=== Assigned task ===
What is needed is a verbatim copy of the data, minus the pictures.

=== Information supplied ===
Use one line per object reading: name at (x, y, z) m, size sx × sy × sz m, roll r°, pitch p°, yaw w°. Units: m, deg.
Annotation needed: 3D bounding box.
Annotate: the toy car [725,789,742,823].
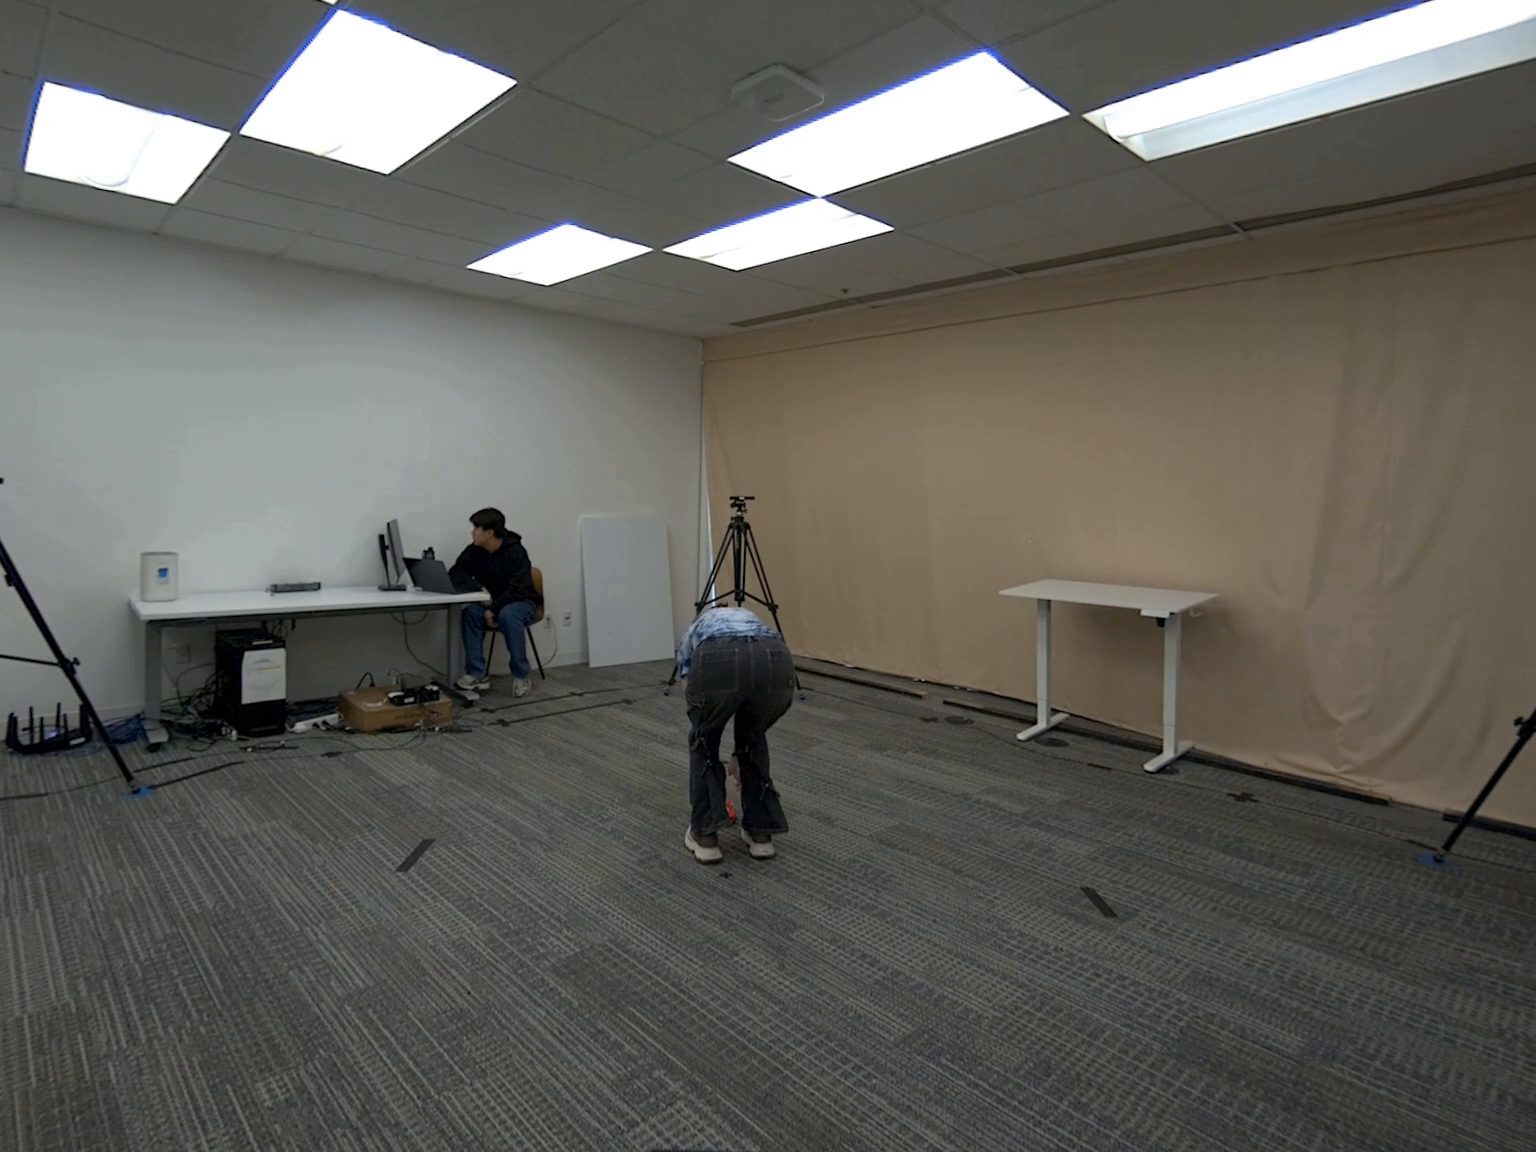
toy car at (-0.206, 1.026, 3.659) m, size 0.129 × 0.083 × 0.255 m, roll 3°, pitch -5°, yaw -8°

=== Your solution ===
Use one line per object reading: name at (x, y, z) m, size sx × sy × sz m, roll r°, pitch p°, yaw w°. Units: m, deg.
Annotation needed: 3D bounding box.
Annotate: the toy car [725,789,742,823].
toy car at (-0.206, 1.026, 3.659) m, size 0.129 × 0.083 × 0.255 m, roll 3°, pitch -5°, yaw -8°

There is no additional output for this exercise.